Example: A brute-force rule fires 30 alerts in an hour — 20 from IP 203.0.113.47 targeting user j.morrison, and 10 from IP 198.51.100.22 targeting user s.chen. With entity-based grouping on IP: two incidents (one per attacking IP). With entity-based grouping on Account: two incidents (one per target user). With no grouping: 30 incidents (unmanageable).
Rule severity and MITRE ATT&CK mapping
Every analytics rule must have a severity (Informational, Low, Medium, High) and should have at least one MITRE ATT&CK technique mapping.
Severity guidelines:
High — confirmed or highly likely threat requiring immediate investigation. Examples: security log cleared, honeytoken activated, TI match on known APT infrastructure, ransomware encryption pattern detected. Expectation: analyst investigates within 1 hour.
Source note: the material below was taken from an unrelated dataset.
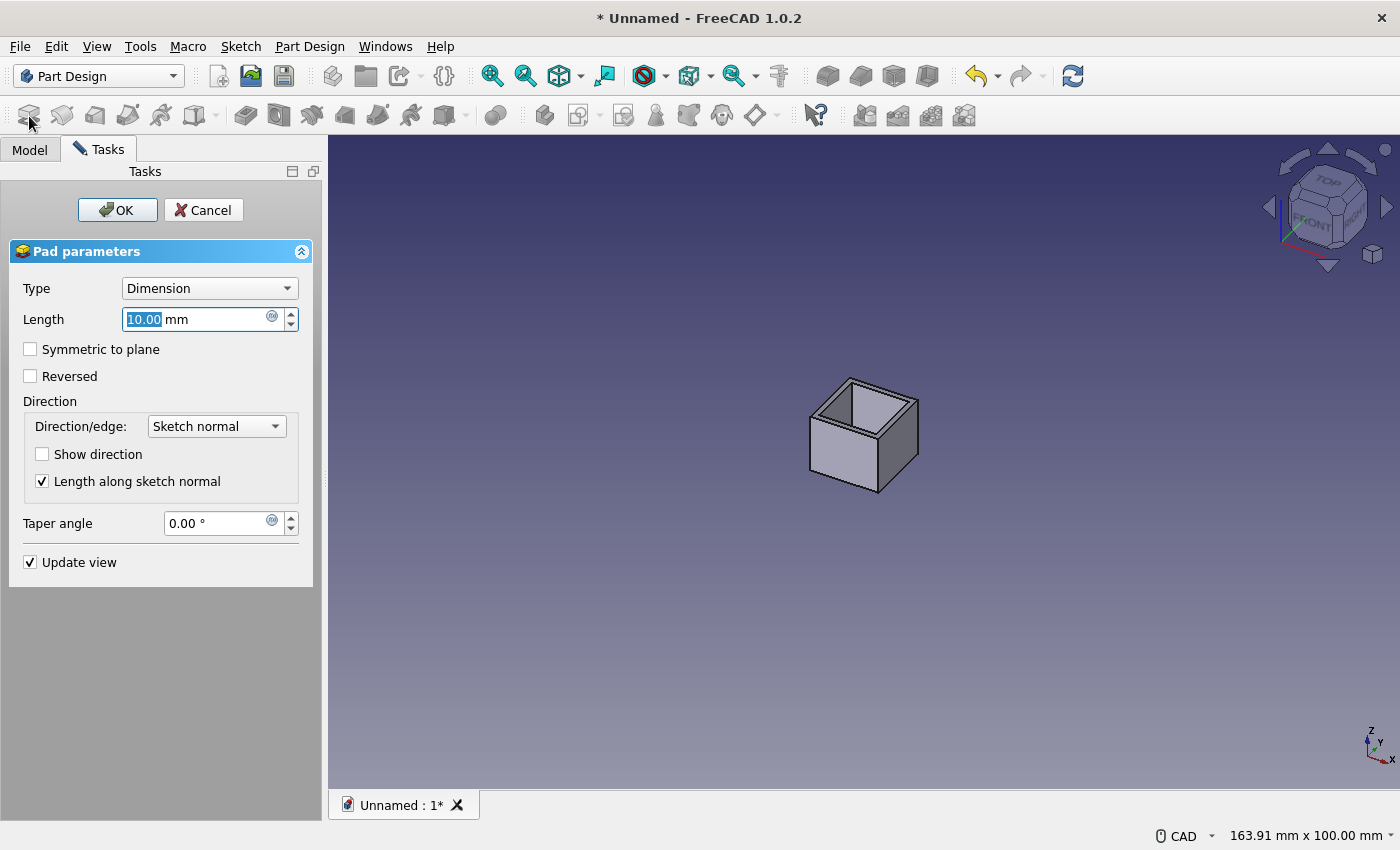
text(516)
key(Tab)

Medium — potential threat requiring investigation within a shift. Examples: sign-in from a sanctioned country, suspicious PowerShell execution, inbox rule forwarding to external address. Expectation: analyst investigates within 4 hours.
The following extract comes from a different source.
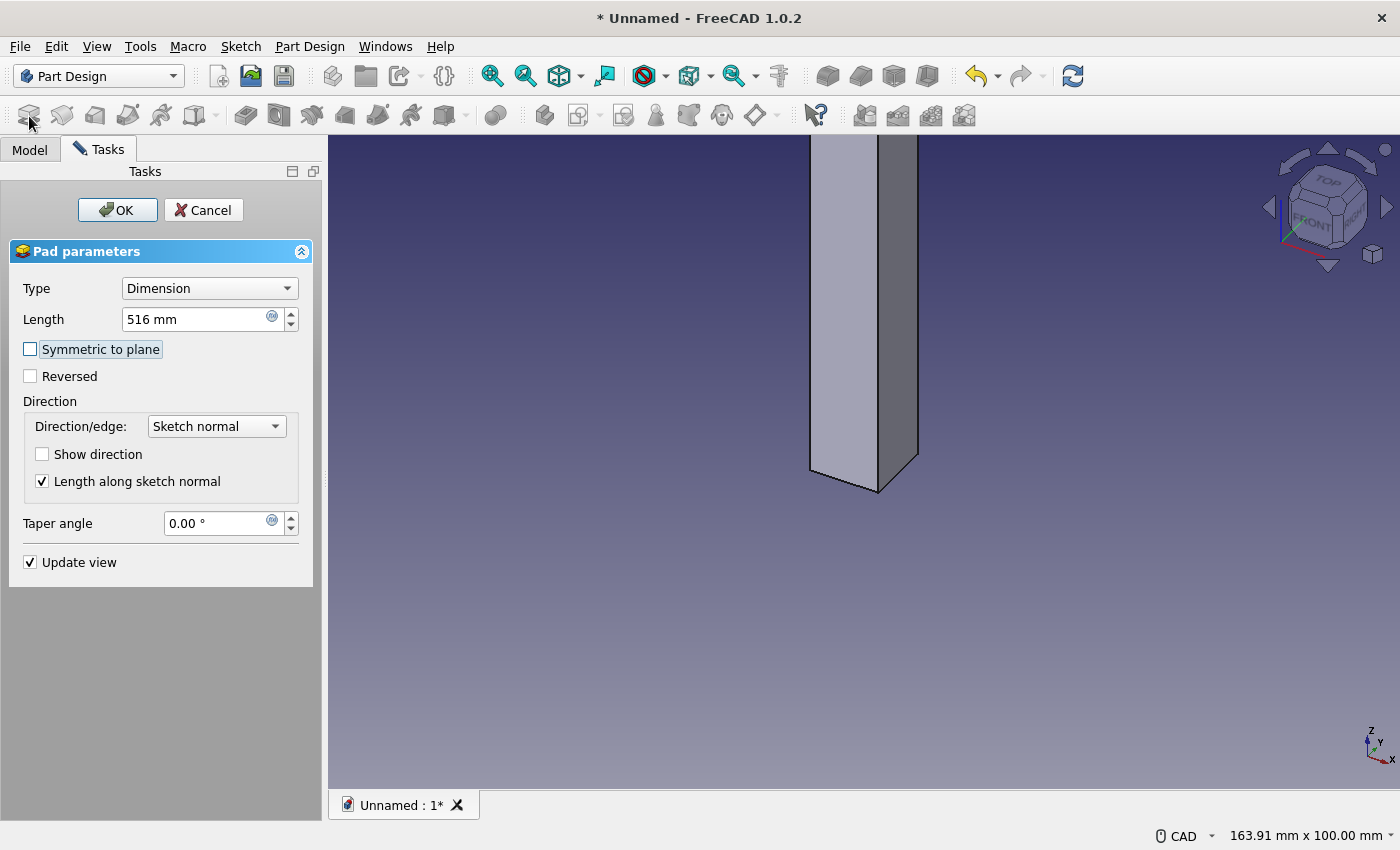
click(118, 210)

Low — minor policy violation or low-confidence detection. Examples: failed MFA challenge, single failed logon from unusual location, non-critical GPO change. Expectation: review within 24 hours.
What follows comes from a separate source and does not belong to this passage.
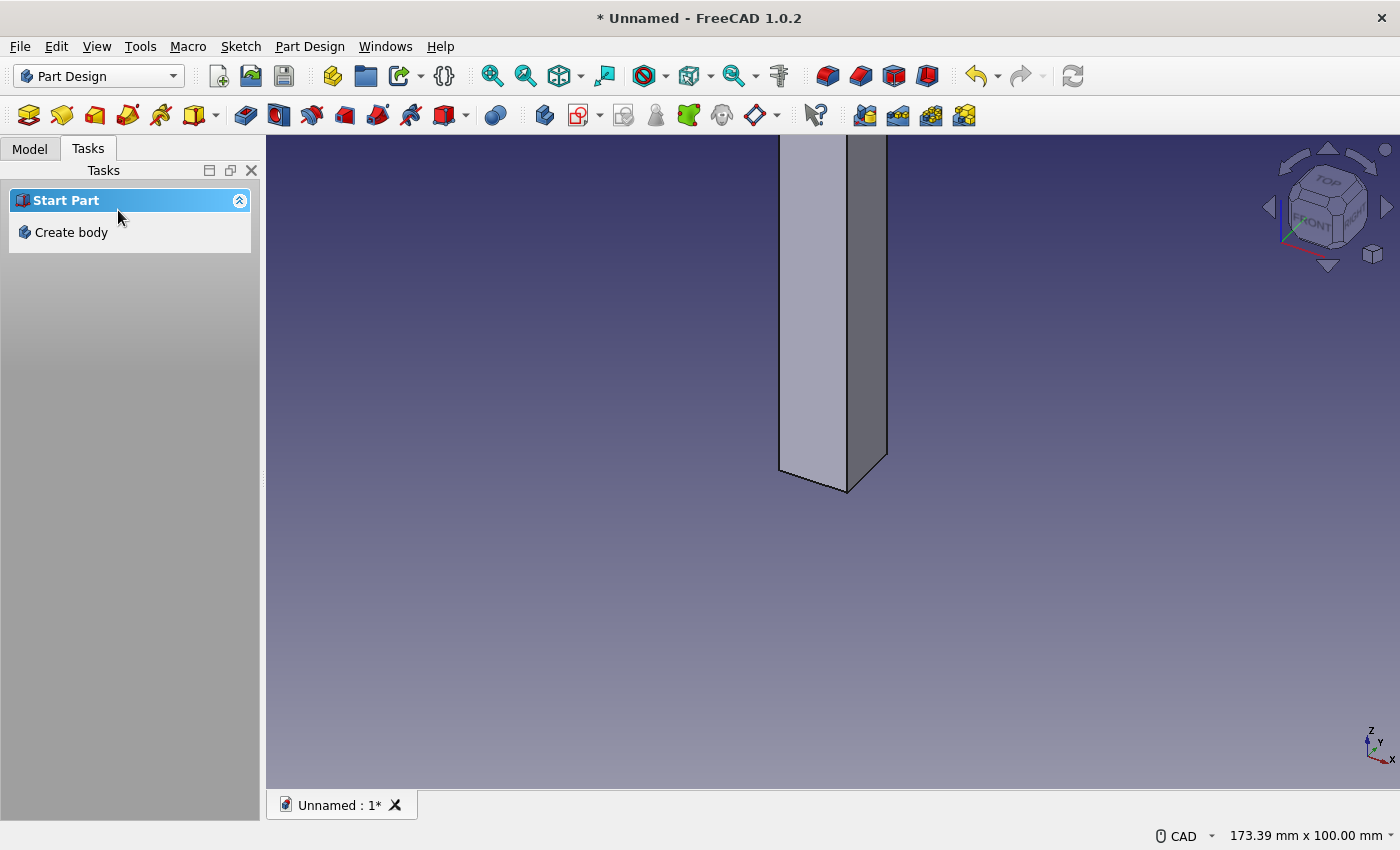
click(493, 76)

Informational — automated enrichment or telemetry, no analyst action required. Examples: watchlist match for logging purposes, baseline deviation within normal range. Used for hunting context, not incident creation.
MITRE ATT&CK mapping enables the coverage analysis from Module 7.10 (Content Hub). Every rule should map to at least one ATT&CK technique — this allows you to visualise your detection coverage against the ATT&CK matrix and identify gaps. A rule detecting brute-force maps to T1110 (Brute Force). A rule detecting inbox rule creation maps to T1114.003 (Email Collection: Email Forwarding Rule). A rule detecting scheduled task creation maps to T1053 (Scheduled Task/Job).
Every KQL query you write in this module is a question asked of your data every 5 minutes, every hour, or every day: "Has this threat pattern appeared since I last checked?" The quality of your detection — what threats you catch and how many false positives you generate — is determined by the quality of these KQL queries and the precision of their configuration. Module 6 taught you KQL. Module 8 connected the data. This module teaches you to ask the right questions.
Try it yourself
Navigate to Sentinel → Analytics → Rule templates. Browse the available templates. Filter by severity (High) and review 5 templates: read the description, examine the KQL query, check the MITRE ATT&CK mapping, and note the schedule and lookback configuration. This gives you a sense of how production detection rules are structured before you create your own in subsection 10.2.
What you should observe
High-severity rule templates typically have short schedules (5-15 minutes), focused KQL queries targeting specific threat patterns, entity mappings for the key entities (Account, IP, Host), and ATT&CK technique mappings. The KQL queries follow patterns you learned in Module 6: filter → aggregate → threshold → project entities. The templates are your starting point — you will customise them for your environment.
Knowledge check
NIST CSF: DE.AE-1 (Baseline of operations established), PR.DS-1 (Data-at-rest is protected). ISO 27001: A.8.15 (Logging), A.8.16 (Monitoring activities). SOC 2: CC7.2 (Monitor system components). Every configuration in this subsection contributes to the logging and monitoring controls that auditors verify.
Check your understanding
1. Your analytics rule runs every hour with a 5-minute lookback. What problem does this create?
2. A brute-force rule generates 30 alerts in an hour — 20 from one IP and 10 from another. You want one incident per attacking IP. Which alert grouping do you configure?
3. When should you use an NRT rule instead of a scheduled rule?